W. BRYCE BENNETT and DEBORAH A. BENNETT, H/W 0.1368 ACRES OF LAND (5,959.01 square feet), more or less, as a Permanent Taking; 1.1368 ACRES OF LAND (52,019 square feet), more less as a Permanent Easement, situate in New Castle County, State of Delaware, Defendants Below, Appellants, v. STATE OF DELAWARE, upon the Relation of the Secretary of the Department of Transportation, Plaintiff Below, Appellee.

No. 125, 2000.Supreme Court of Delaware.
Decided: June 2, 2000.

Superior Court of the State of Delaware in and for New Castle County; C.A. No. 99C-09-262.

AFFIRMED IN PART AND REMANDED.

Unpublished Opinion is below.

W. BRYCE BENNETT and DEBORAH A. BENNETT, H/W 0.1368 ACRES OF LAND (5,959.01 square feet), more or less, as a Permanent Taking; 1.1368 ACRES OF LAND (52,019 square feet), more less as a Permanent Easement, situate in New Castle County, State of Delaware, Defendants Below, Appellants, v. STATE OF DELAWARE, upon the Relation of the Secretary of the Department of Transportation, Plaintiff Below, Appellee. No. 125, 2000. In the Supreme Court of the State of Delaware. Submitted: May 23, 2000. Decided: June 2, 2000.

Superior Court of the State of Delaware in and for New Castle County; C.A. No. 99C-09-262.

Before WALSH, HOLLAND, and HARTNETT, Justices.

ORDER
This 2nd day of June 2000, upon consideration of the briefs of the parties and the bench ruling of the Superior Court on February 25, 2000, it appears to the Court that:

1. This is an interlocutory appeal from two rulings of the Superior Court.
2. The first ruling was the denial by the Superior Court of appellants’ motion to vacate an Order of Possession entered in this land condemnation action on October 22, 1999.
3. The appellants have not shown that the Superior Court abused its discretion in denying the motion to vacate the Order of Possession. The Order of Possession was not void, it was not the result of a mistake, and the Bennetts had sufficient notice of the hearing on the motion for an Order of Possession, but chose not to appear and oppose it.

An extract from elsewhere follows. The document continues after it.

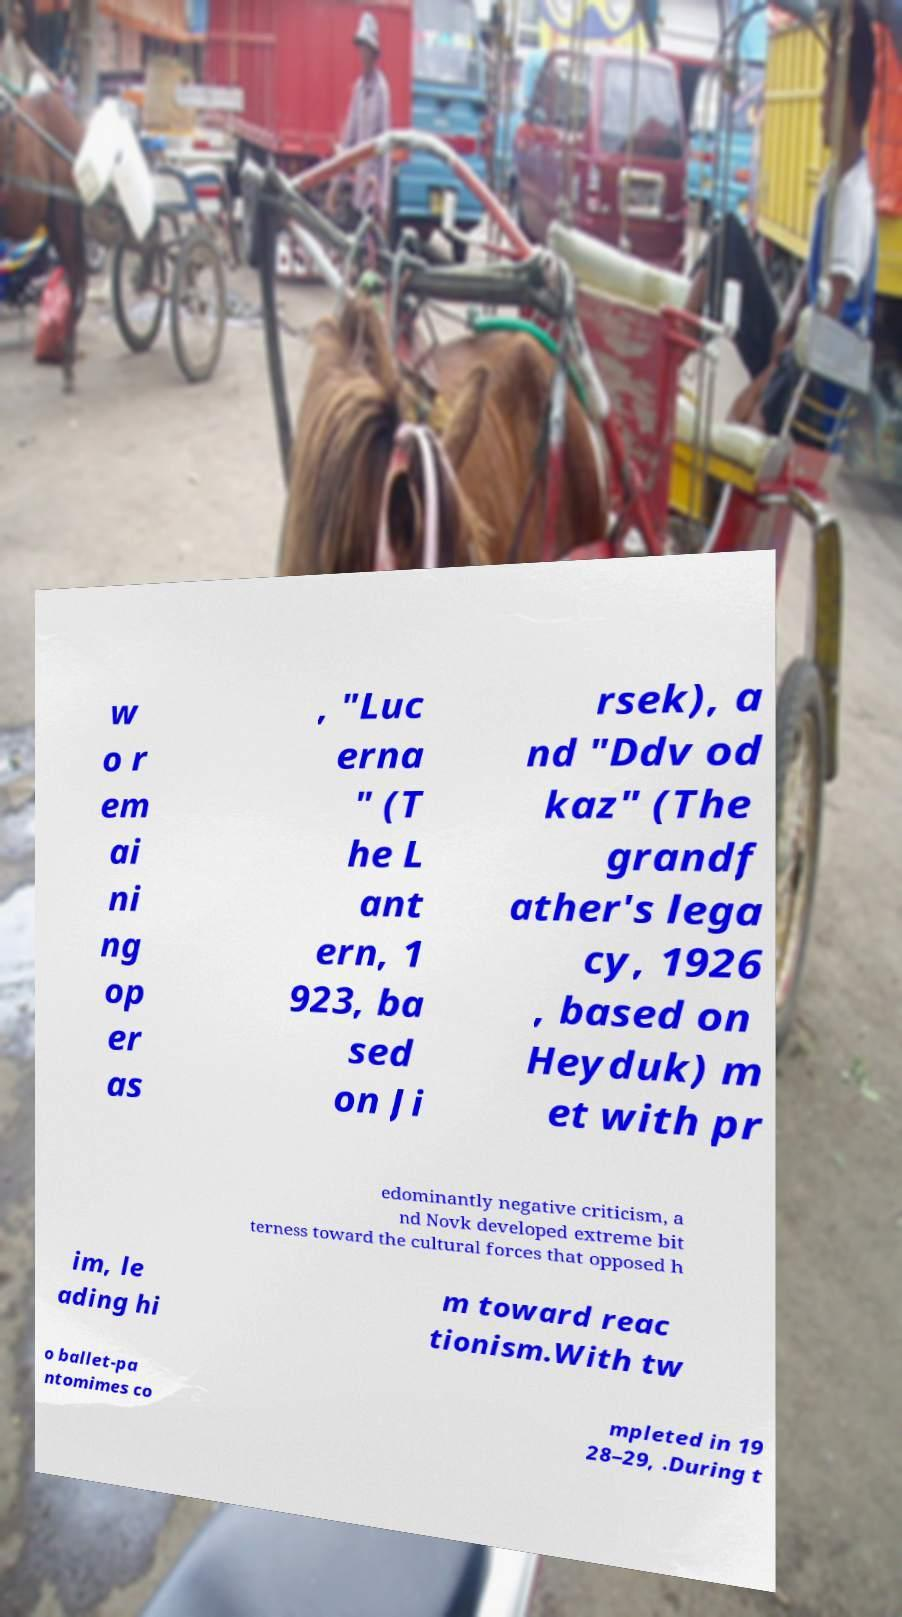Please read and relay the text visible in this image. What does it say? w o r em ai ni ng op er as , "Luc erna " (T he L ant ern, 1 923, ba sed on Ji rsek), a nd "Ddv od kaz" (The grandf ather's lega cy, 1926 , based on Heyduk) m et with pr edominantly negative criticism, a nd Novk developed extreme bit terness toward the cultural forces that opposed h im, le ading hi m toward reac tionism.With tw o ballet-pa ntomimes co mpleted in 19 28–29, .During t

Nor has there been any showing of any extraordinary circumstances. Superior Court Rule 60(b).
4. It is clear from the Superior Court’s decision that the motion to deny without prejudice Bennetts’ motion to dismiss the complaint is an interlocutory order. It is also clear that none of the criteria set forth in Superior Court Rule 42 are present and there is no exceptional circumstance that would justify a ruling by us on that issue at this stage of the proceedings.

NOW, THEREFORE, IT IS ORDERED that the judgment of the Superior Court be, and the same hereby is, AFFIRMED IN PART and REMANDED. Jurisdiction is not retained.